__TASK DETAILS__.
The answer should hold only the lines from the one containing "Answer: 15% Which" through the one containing "Short answer required. Massachusetts, New" in the entries below, copied exactly, without pictures.
+++ DATA EXTRACT +++
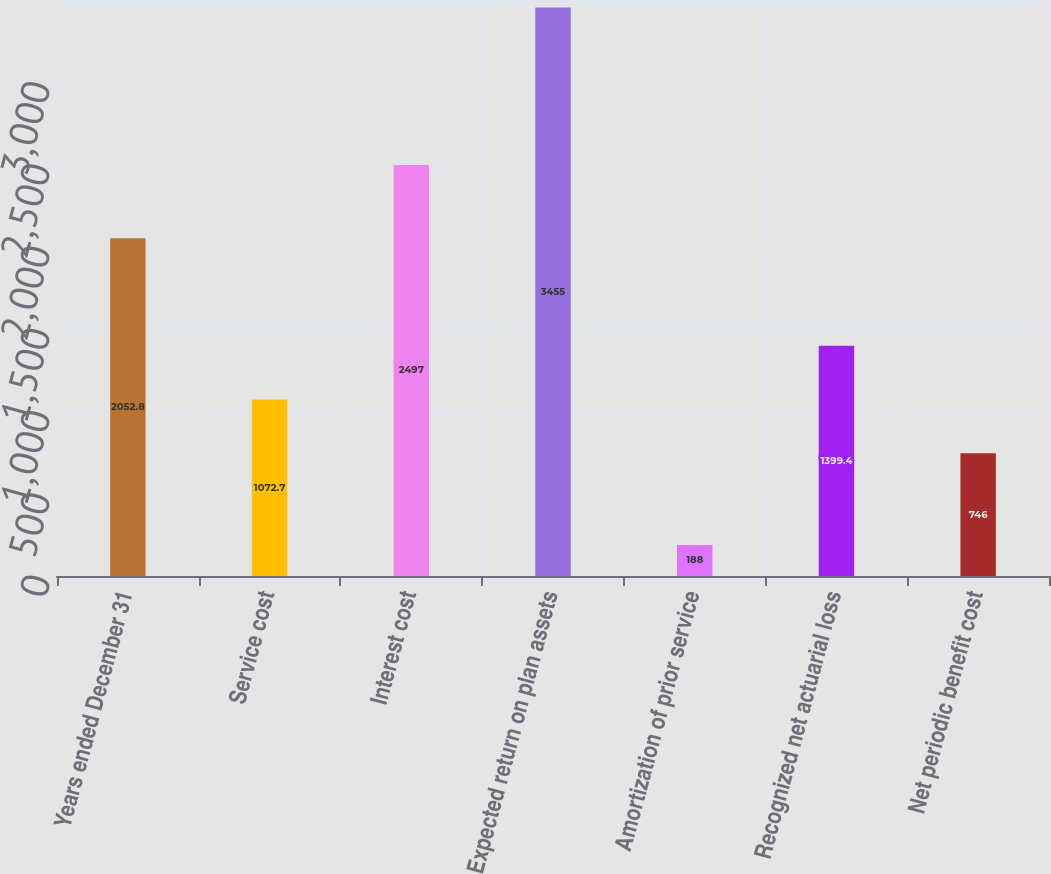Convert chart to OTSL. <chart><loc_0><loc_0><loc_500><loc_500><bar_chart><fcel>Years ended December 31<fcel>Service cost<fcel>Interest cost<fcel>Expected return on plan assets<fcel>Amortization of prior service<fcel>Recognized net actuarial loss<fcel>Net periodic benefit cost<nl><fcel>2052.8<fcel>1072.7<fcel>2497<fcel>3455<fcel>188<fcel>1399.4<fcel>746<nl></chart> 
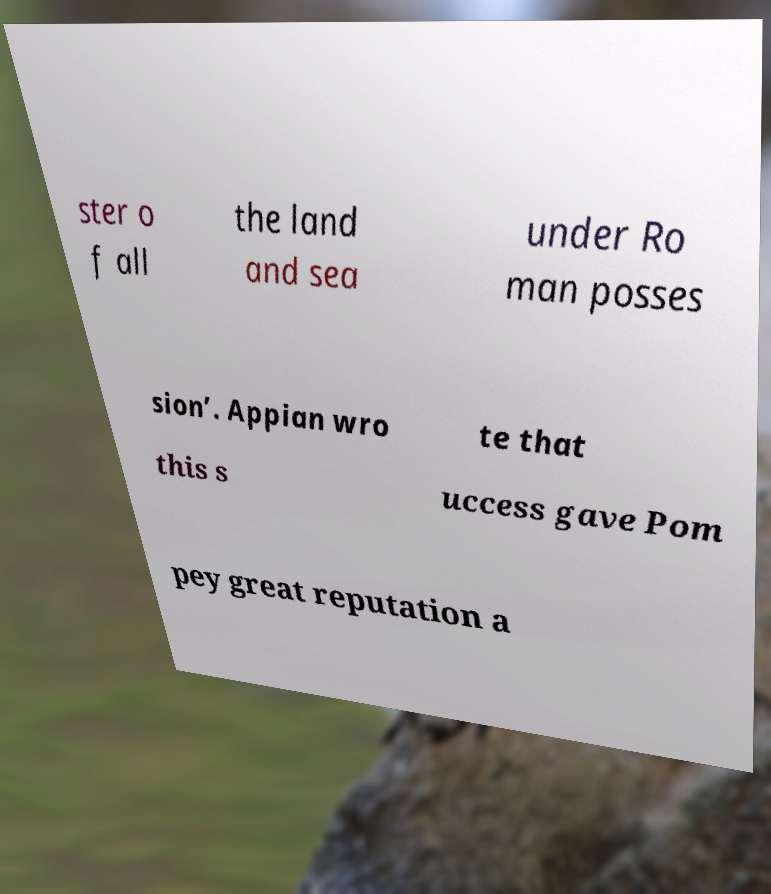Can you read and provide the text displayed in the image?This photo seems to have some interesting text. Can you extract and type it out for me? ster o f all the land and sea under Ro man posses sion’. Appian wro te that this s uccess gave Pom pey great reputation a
+++
+++ DATA EXTRACT +++
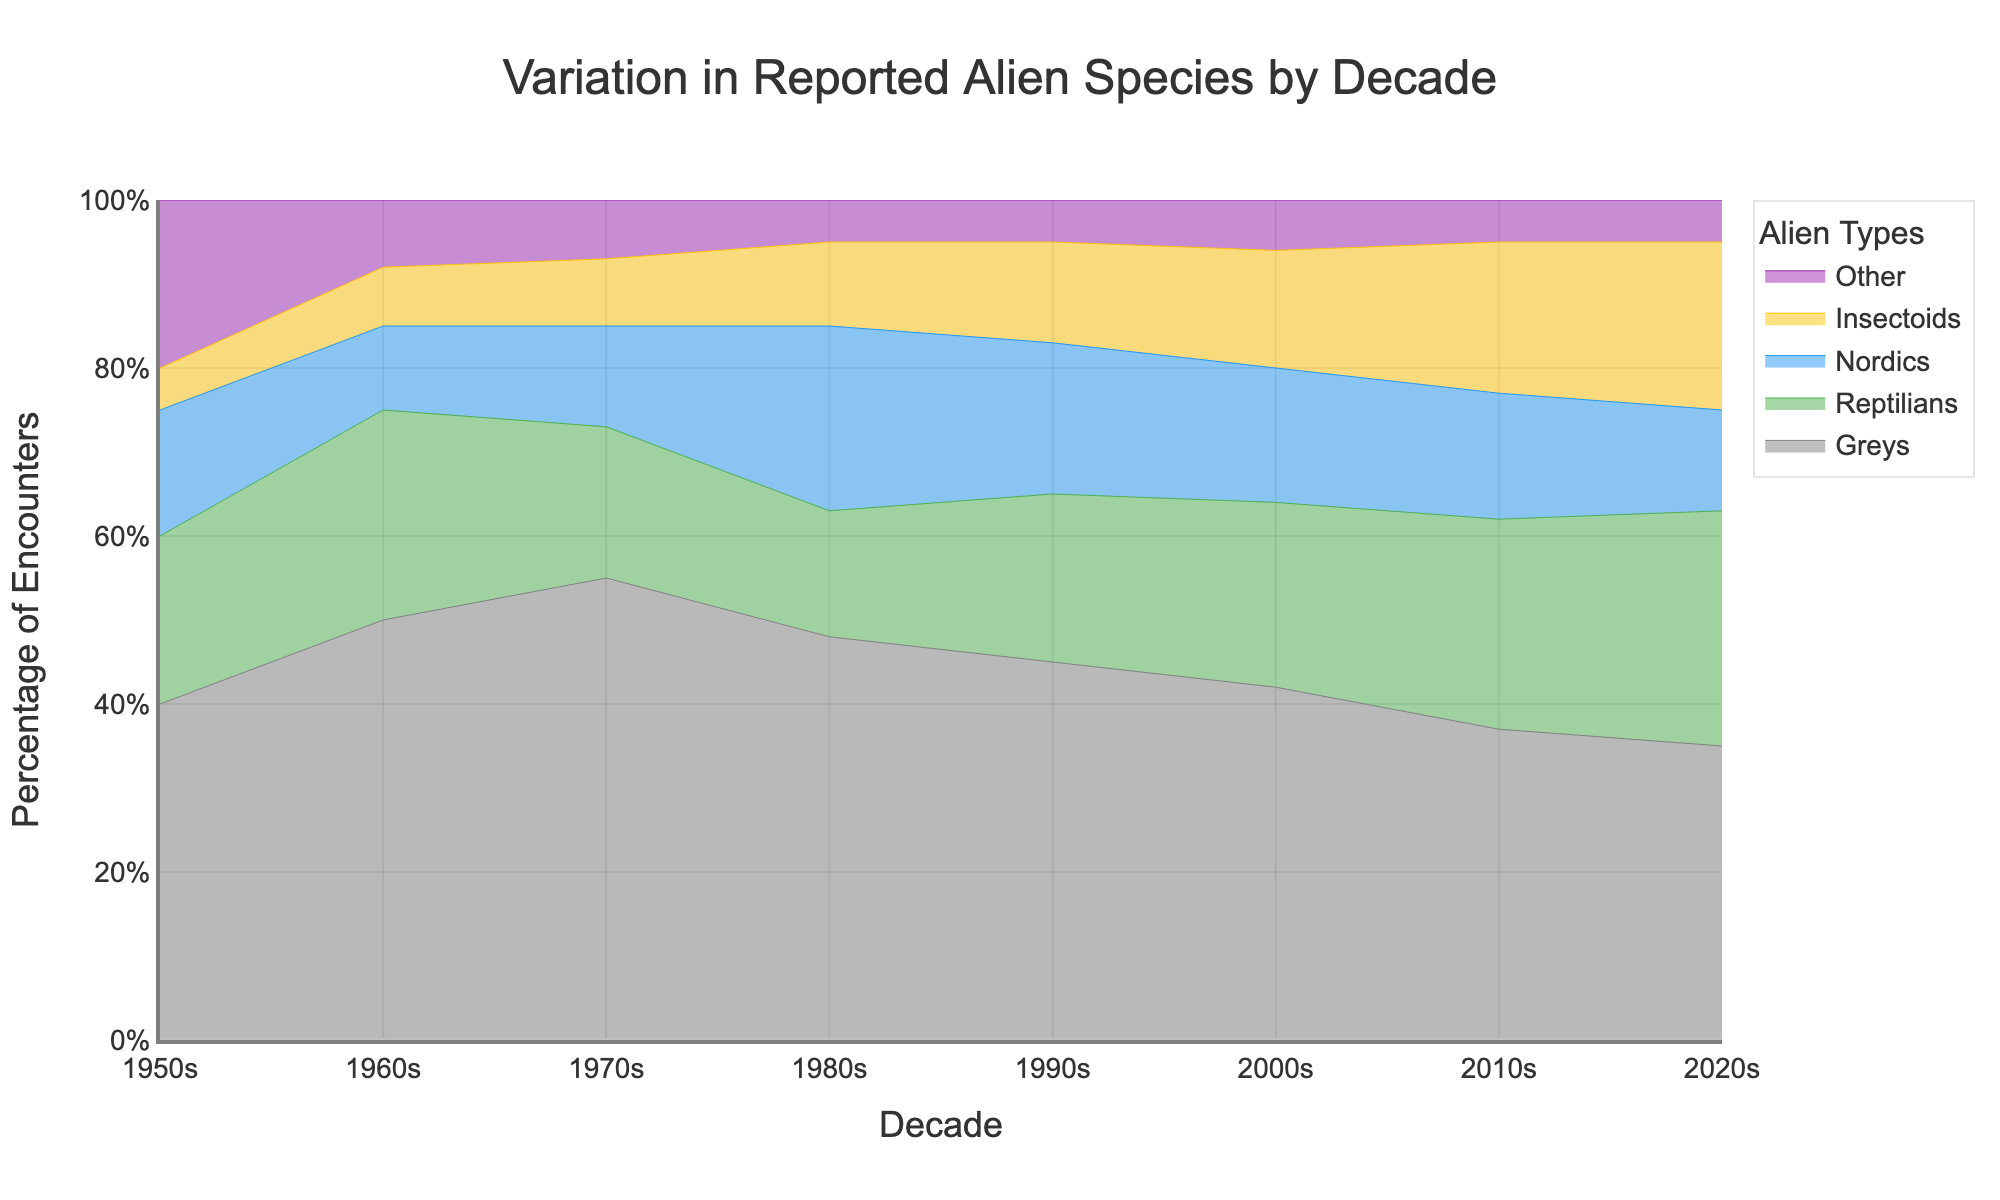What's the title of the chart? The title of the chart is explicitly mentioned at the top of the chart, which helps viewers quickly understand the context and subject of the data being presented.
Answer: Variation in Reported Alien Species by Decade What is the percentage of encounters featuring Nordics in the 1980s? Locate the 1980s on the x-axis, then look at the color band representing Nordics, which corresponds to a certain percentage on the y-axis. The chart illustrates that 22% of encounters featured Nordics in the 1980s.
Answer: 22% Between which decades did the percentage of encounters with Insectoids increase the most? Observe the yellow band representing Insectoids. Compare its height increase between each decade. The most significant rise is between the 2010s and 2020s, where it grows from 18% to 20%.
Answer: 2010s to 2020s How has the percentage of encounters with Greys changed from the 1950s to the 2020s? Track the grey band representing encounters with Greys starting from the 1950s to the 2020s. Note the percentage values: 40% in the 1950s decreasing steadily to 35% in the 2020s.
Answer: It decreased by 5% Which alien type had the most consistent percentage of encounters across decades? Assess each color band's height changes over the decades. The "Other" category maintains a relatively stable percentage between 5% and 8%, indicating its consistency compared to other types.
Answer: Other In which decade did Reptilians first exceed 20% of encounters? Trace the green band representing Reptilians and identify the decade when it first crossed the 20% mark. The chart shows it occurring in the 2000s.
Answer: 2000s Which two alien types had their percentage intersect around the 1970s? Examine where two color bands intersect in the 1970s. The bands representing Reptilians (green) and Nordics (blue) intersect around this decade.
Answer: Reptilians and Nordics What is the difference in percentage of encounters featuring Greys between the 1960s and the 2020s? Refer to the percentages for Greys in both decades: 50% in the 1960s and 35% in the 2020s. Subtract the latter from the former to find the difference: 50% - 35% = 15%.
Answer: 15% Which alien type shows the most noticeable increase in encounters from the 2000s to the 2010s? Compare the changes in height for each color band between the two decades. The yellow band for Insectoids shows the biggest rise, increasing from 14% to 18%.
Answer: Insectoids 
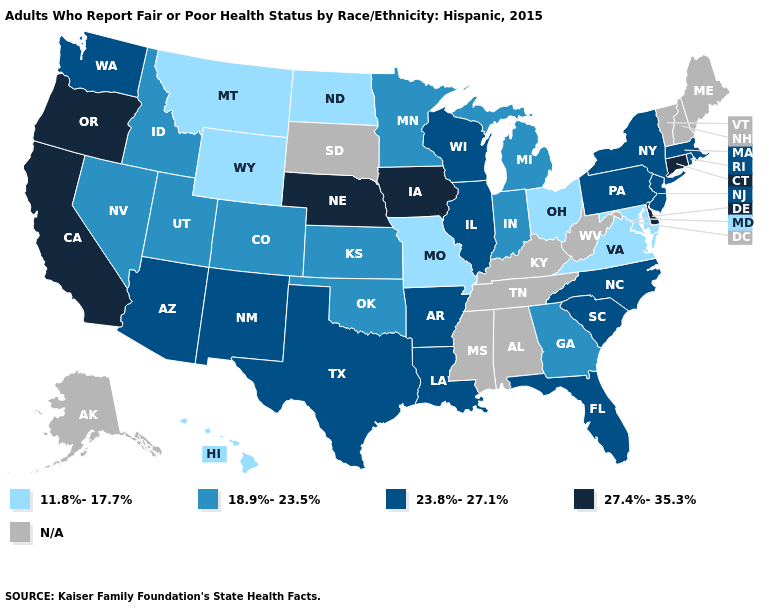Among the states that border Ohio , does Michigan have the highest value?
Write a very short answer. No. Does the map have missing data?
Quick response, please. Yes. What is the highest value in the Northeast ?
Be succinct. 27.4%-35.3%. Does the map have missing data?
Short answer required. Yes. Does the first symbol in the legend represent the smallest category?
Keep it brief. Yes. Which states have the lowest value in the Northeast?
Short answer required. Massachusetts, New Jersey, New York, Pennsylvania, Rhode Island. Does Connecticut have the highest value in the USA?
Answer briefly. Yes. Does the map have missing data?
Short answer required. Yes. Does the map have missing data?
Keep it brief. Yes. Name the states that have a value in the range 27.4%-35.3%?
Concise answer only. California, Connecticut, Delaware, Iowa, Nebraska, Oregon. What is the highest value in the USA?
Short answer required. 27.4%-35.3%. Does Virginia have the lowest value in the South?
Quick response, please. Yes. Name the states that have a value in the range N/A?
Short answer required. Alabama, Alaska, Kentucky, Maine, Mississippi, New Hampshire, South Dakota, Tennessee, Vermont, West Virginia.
+++
+++ DATA EXTRACT +++
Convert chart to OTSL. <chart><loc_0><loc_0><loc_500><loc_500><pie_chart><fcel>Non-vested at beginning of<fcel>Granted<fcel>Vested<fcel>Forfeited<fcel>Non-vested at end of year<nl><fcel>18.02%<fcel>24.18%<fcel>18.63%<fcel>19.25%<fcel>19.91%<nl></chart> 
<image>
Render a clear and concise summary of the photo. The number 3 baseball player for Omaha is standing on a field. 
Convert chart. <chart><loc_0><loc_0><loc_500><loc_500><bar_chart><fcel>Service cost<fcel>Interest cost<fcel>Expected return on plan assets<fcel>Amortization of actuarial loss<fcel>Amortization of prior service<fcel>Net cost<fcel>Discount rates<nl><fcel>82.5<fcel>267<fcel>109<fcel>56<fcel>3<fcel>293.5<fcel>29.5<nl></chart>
+++
__COMPLETED TASK__.
Answer: 15% Which alien type shows the most noticeable increase in encounters from the 2000s to the 2010s? Compare the changes in height for each color band between the two decades. The yellow band for Insectoids shows the biggest rise, increasing from 14% to 18%.
Answer: Insectoids 
Among the states that border Ohio , does Michigan have the highest value?
Write a very short answer. No. Does the map have missing data?
Quick response, please. Yes. What is the highest value in the Northeast ?
Be succinct. 27.4%-35.3%. Does the map have missing data?
Short answer required. Yes. Does the first symbol in the legend represent the smallest category?
Keep it brief. Yes. Which states have the lowest value in the Northeast?
Short answer required. Massachusetts, New Jersey, New York, Pennsylvania, Rhode Island. Does Connecticut have the highest value in the USA?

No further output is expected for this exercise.